# AQUARIOFILIA MARINHA > DIY - Faça Você Mesmo >  Tubos transparentes em plástico/acrílico, onde comprar?

## Artur Fonseca

Tubos transparentes em plástico/acrílico, onde comprar? Para construir um escumador DIY.

----------


## Pedro Ferrer

Boa tarde

Podes sempre ver aqui

Tens sempre a Dagol no Porto.

Abraço
Pedro Ferrer

----------


## Artur Fonseca

Muito obrigado Pedro  :SbOk:

----------


## Ivo Faria

> Muito obrigado Pedro


Boas,
Sempre comseguiste arranjar algum sitio que venda tubo transparente aqui no porto?

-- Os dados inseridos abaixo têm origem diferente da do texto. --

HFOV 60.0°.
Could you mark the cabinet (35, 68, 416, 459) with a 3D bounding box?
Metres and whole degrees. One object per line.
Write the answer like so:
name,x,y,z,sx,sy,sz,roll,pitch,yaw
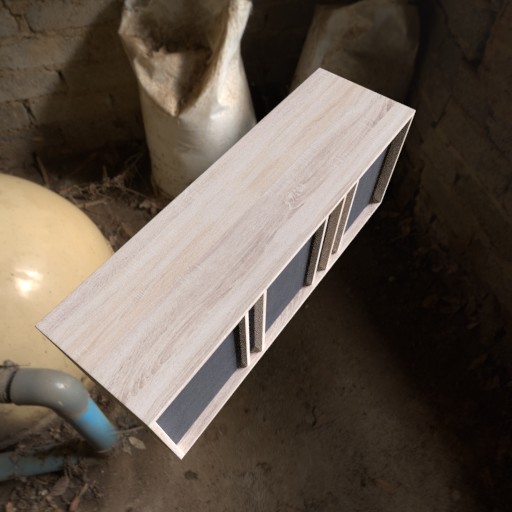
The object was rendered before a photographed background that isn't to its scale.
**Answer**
cabinet,0.000,0.000,1.994,0.500,0.780,1.650,33,63,19
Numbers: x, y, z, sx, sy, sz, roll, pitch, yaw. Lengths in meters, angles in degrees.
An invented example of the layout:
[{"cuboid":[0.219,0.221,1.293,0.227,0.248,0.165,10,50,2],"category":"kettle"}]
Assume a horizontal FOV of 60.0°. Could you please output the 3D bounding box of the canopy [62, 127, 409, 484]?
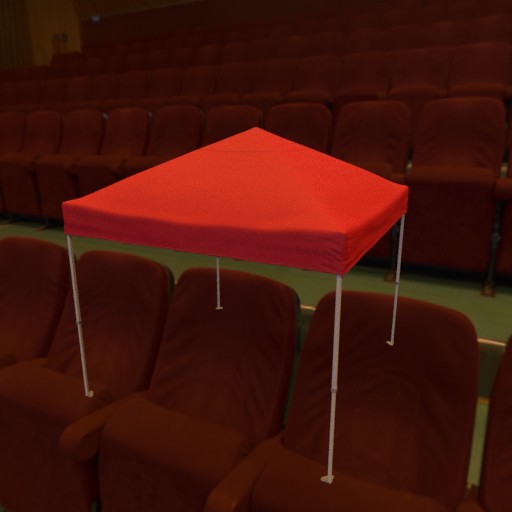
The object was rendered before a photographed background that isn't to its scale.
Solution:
[{"cuboid":[0.000,0.000,5.369,2.996,2.997,2.998,8,18,26],"category":"canopy"}]

E por quanto é que fica?
Fika bem

----------


## Artur Fonseca

> Boas,
> Sempre comseguiste arranjar algum sitio que venda tubo transparente aqui no porto? E por quanto é que fica?
> Fika bem


Acabei por desistir do escumador DIY e arranjei um Aquamedic Miniflotor...  :SbOk3:

----------


## FernandoSantos

> Boas,
> Sempre comseguiste arranjar algum sitio que venda tubo transparente aqui no porto? E por quanto é que fica?
> Fika bem



O sitio é facil, vais a Loja Plasticos do Sado na Rua Faria Guimarães, muito perto do tunel. Quanto fica? Não faço ideia.

Se tiveres carro vai á Dagol na zona industrial da Maia.


Abraços

----------